SOURCE DATA:
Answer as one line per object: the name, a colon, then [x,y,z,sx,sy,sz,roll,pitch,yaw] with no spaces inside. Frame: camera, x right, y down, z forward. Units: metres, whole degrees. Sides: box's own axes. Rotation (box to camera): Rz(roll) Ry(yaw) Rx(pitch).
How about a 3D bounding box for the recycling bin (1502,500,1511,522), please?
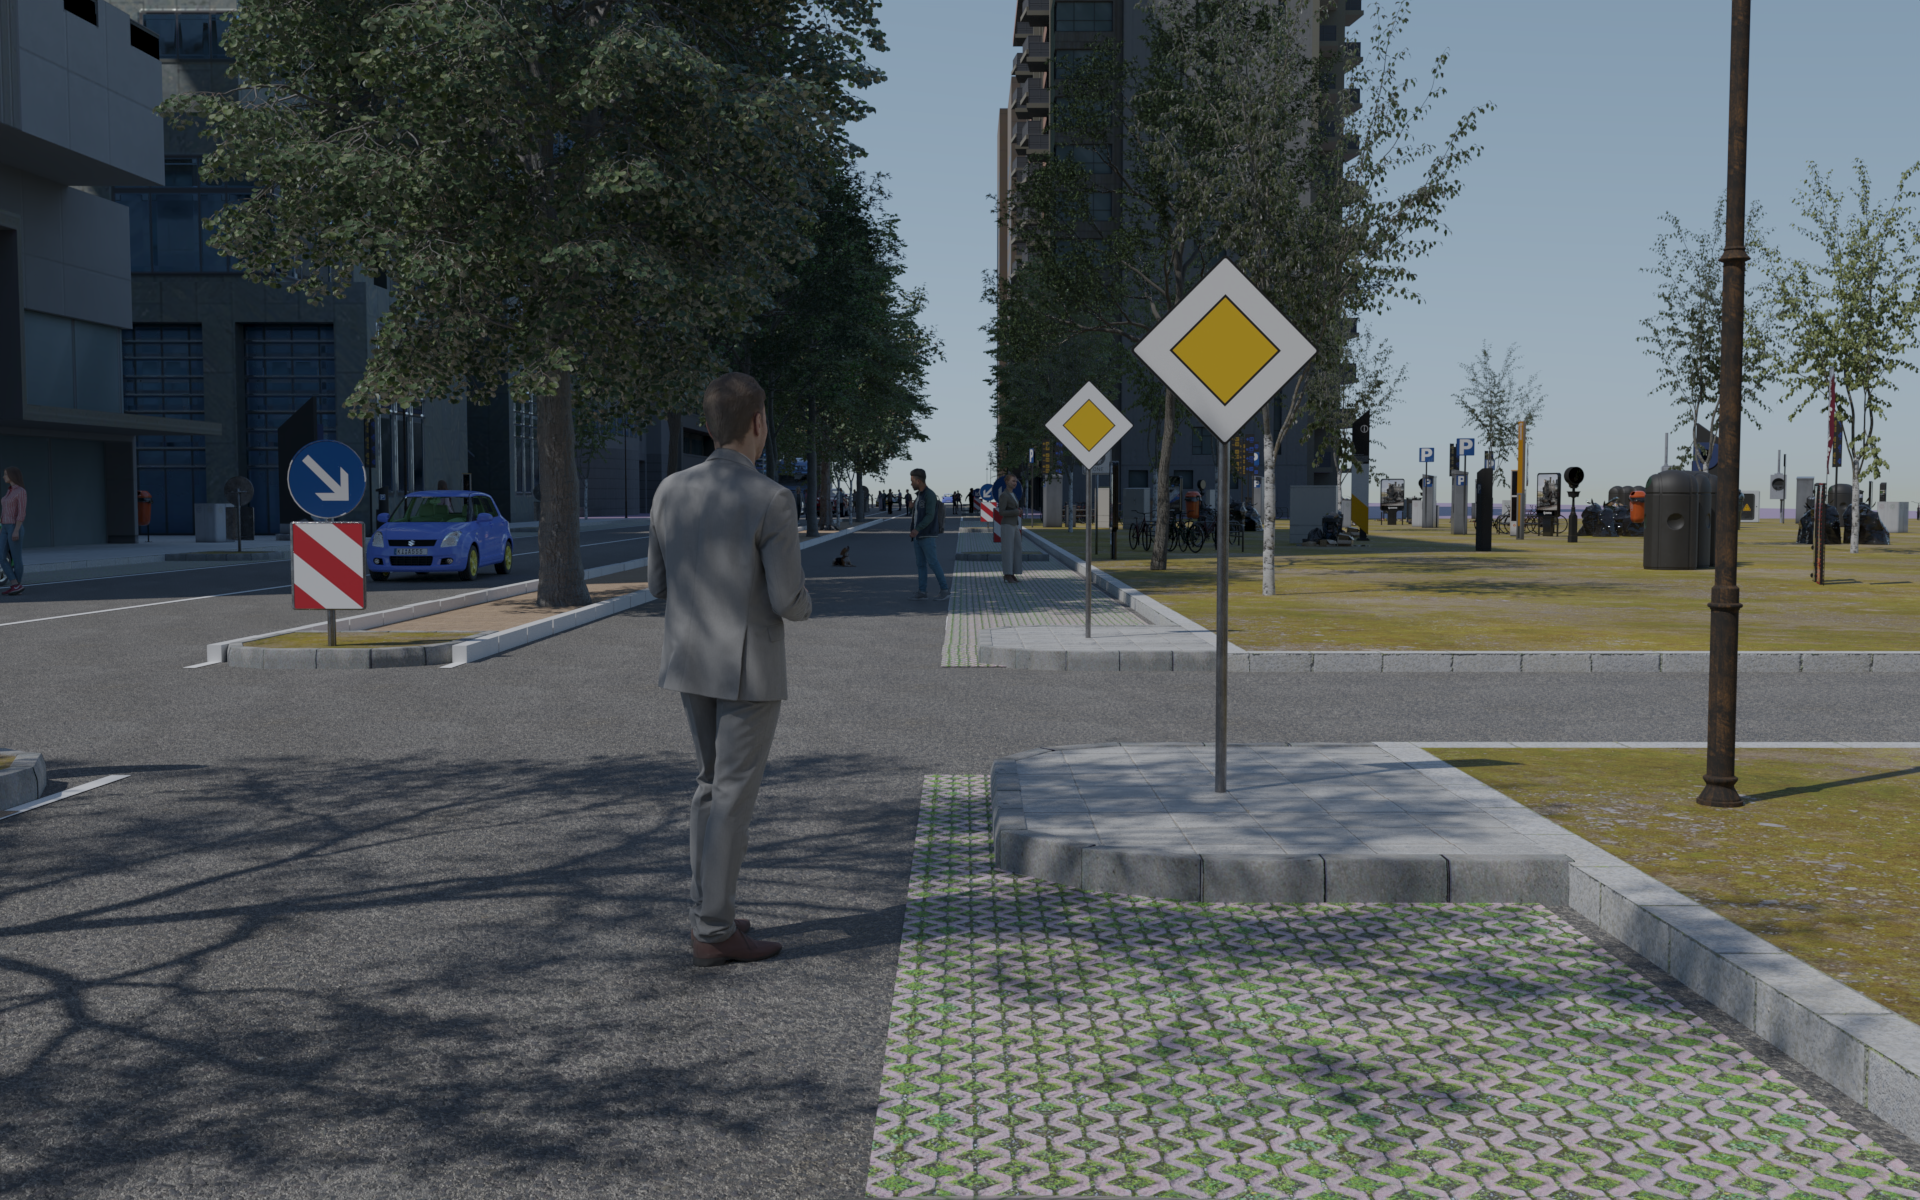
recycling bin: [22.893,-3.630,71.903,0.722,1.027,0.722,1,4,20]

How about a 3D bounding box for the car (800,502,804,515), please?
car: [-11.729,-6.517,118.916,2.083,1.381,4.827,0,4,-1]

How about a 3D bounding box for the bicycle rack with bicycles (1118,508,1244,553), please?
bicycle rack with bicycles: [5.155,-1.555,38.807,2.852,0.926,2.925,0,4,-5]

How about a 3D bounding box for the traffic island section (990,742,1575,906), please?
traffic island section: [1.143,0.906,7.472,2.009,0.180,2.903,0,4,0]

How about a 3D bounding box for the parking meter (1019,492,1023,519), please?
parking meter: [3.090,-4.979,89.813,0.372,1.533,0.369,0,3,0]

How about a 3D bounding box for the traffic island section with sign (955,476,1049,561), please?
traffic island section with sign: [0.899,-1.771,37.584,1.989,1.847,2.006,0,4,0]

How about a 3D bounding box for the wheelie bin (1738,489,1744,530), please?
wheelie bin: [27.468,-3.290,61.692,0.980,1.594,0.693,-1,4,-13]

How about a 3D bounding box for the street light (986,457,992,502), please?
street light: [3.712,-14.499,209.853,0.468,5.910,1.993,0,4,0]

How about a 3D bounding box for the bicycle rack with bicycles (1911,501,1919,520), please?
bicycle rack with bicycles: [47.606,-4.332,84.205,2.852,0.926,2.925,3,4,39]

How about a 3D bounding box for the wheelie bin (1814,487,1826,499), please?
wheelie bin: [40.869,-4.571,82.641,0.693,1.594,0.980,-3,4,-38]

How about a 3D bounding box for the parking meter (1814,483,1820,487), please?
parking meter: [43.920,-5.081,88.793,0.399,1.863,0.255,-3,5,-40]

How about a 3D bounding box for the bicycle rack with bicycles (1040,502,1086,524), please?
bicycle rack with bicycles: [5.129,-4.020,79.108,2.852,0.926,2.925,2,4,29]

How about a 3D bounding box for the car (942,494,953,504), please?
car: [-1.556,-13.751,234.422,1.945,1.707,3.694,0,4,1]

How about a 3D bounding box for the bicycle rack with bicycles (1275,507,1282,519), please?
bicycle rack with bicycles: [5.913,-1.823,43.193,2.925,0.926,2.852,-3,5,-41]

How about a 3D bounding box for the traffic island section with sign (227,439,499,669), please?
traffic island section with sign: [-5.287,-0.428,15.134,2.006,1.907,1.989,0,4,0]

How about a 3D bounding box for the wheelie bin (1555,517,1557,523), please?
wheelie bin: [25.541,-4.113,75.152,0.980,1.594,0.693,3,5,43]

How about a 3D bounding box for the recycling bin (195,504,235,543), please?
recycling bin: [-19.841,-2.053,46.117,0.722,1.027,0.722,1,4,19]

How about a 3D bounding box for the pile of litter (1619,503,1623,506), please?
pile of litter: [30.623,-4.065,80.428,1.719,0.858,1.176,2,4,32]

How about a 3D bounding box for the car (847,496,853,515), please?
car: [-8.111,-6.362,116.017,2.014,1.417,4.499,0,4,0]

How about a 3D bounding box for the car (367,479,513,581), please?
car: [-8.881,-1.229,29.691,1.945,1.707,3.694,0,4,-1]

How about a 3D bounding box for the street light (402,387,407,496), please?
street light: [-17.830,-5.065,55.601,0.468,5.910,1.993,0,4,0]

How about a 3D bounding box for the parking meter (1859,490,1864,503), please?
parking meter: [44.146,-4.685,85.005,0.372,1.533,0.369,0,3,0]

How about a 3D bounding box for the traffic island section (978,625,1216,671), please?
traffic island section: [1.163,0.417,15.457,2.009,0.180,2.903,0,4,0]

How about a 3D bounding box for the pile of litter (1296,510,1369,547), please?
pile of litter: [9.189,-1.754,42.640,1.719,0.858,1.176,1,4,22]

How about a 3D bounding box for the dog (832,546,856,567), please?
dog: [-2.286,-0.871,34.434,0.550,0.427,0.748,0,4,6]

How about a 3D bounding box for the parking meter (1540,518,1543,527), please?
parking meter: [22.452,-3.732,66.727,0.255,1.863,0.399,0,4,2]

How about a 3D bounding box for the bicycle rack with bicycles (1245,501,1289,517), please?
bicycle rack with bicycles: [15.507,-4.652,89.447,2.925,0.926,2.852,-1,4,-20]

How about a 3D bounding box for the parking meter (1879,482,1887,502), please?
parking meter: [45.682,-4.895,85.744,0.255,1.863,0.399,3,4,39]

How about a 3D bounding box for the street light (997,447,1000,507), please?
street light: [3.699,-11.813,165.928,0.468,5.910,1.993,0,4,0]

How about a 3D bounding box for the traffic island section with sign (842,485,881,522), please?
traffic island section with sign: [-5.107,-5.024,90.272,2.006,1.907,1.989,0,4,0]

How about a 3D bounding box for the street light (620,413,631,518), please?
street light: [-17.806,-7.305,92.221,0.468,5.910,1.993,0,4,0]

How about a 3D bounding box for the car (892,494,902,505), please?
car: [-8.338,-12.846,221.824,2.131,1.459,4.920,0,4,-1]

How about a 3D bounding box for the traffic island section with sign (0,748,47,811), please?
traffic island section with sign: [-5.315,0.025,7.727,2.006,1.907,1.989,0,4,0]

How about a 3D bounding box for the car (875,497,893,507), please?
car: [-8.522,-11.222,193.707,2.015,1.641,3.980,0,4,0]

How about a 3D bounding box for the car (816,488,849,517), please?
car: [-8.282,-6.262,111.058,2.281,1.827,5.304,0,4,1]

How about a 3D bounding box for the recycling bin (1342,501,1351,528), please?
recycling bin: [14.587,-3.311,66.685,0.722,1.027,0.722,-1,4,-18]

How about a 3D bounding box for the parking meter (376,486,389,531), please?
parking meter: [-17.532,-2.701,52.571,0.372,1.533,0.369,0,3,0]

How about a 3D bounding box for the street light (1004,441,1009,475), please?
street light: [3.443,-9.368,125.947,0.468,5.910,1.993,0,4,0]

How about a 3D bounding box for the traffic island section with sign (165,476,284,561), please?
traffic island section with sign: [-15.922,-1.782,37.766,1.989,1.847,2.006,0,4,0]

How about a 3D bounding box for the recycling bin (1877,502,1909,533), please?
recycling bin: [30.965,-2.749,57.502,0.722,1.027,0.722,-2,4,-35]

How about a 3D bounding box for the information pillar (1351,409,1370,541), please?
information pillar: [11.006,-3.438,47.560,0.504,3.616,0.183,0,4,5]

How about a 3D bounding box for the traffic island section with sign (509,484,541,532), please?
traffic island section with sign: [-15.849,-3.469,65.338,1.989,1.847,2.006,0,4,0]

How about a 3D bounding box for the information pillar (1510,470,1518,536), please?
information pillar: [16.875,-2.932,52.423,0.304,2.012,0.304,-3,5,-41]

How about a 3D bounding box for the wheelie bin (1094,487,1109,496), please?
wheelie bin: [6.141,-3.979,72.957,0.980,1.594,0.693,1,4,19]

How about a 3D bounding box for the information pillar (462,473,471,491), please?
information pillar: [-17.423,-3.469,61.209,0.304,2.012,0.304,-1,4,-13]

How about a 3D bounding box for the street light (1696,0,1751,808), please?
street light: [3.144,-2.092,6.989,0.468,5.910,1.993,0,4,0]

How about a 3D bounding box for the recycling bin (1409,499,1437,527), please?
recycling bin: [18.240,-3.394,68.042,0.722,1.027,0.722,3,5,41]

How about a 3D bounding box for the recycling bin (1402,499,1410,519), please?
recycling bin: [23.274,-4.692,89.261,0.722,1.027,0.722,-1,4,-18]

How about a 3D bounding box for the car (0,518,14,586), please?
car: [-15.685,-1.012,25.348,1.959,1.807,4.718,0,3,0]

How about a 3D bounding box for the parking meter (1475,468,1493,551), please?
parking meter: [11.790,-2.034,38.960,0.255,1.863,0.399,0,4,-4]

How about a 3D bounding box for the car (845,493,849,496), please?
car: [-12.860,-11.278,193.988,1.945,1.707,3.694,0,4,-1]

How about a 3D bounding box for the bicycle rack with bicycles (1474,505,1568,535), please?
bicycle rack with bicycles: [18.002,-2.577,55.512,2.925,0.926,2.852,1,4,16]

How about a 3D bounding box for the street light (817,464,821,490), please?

PROBLEM TO WORK ON:
Nothing but the lines from the one with "bin (1877,502,1909,533), please?" through the last line of the entries should be repeated, and those exactly.

RESULT FOR THIS TASK:
How about a 3D bounding box for the recycling bin (1877,502,1909,533), please?
recycling bin: [30.965,-2.749,57.502,0.722,1.027,0.722,-2,4,-35]

How about a 3D bounding box for the information pillar (1351,409,1370,541), please?
information pillar: [11.006,-3.438,47.560,0.504,3.616,0.183,0,4,5]

How about a 3D bounding box for the traffic island section with sign (509,484,541,532), please?
traffic island section with sign: [-15.849,-3.469,65.338,1.989,1.847,2.006,0,4,0]

How about a 3D bounding box for the information pillar (1510,470,1518,536), please?
information pillar: [16.875,-2.932,52.423,0.304,2.012,0.304,-3,5,-41]

How about a 3D bounding box for the wheelie bin (1094,487,1109,496), please?
wheelie bin: [6.141,-3.979,72.957,0.980,1.594,0.693,1,4,19]

How about a 3D bounding box for the information pillar (462,473,471,491), please?
information pillar: [-17.423,-3.469,61.209,0.304,2.012,0.304,-1,4,-13]

How about a 3D bounding box for the street light (1696,0,1751,808), please?
street light: [3.144,-2.092,6.989,0.468,5.910,1.993,0,4,0]

How about a 3D bounding box for the recycling bin (1409,499,1437,527), please?
recycling bin: [18.240,-3.394,68.042,0.722,1.027,0.722,3,5,41]

How about a 3D bounding box for the recycling bin (1402,499,1410,519), please?
recycling bin: [23.274,-4.692,89.261,0.722,1.027,0.722,-1,4,-18]

How about a 3D bounding box for the car (0,518,14,586), please?
car: [-15.685,-1.012,25.348,1.959,1.807,4.718,0,3,0]

How about a 3D bounding box for the parking meter (1475,468,1493,551), please?
parking meter: [11.790,-2.034,38.960,0.255,1.863,0.399,0,4,-4]

How about a 3D bounding box for the car (845,493,849,496), please?
car: [-12.860,-11.278,193.988,1.945,1.707,3.694,0,4,-1]

How about a 3D bounding box for the bicycle rack with bicycles (1474,505,1568,535), please?
bicycle rack with bicycles: [18.002,-2.577,55.512,2.925,0.926,2.852,1,4,16]

How about a 3D bounding box for the street light (817,464,821,490), please?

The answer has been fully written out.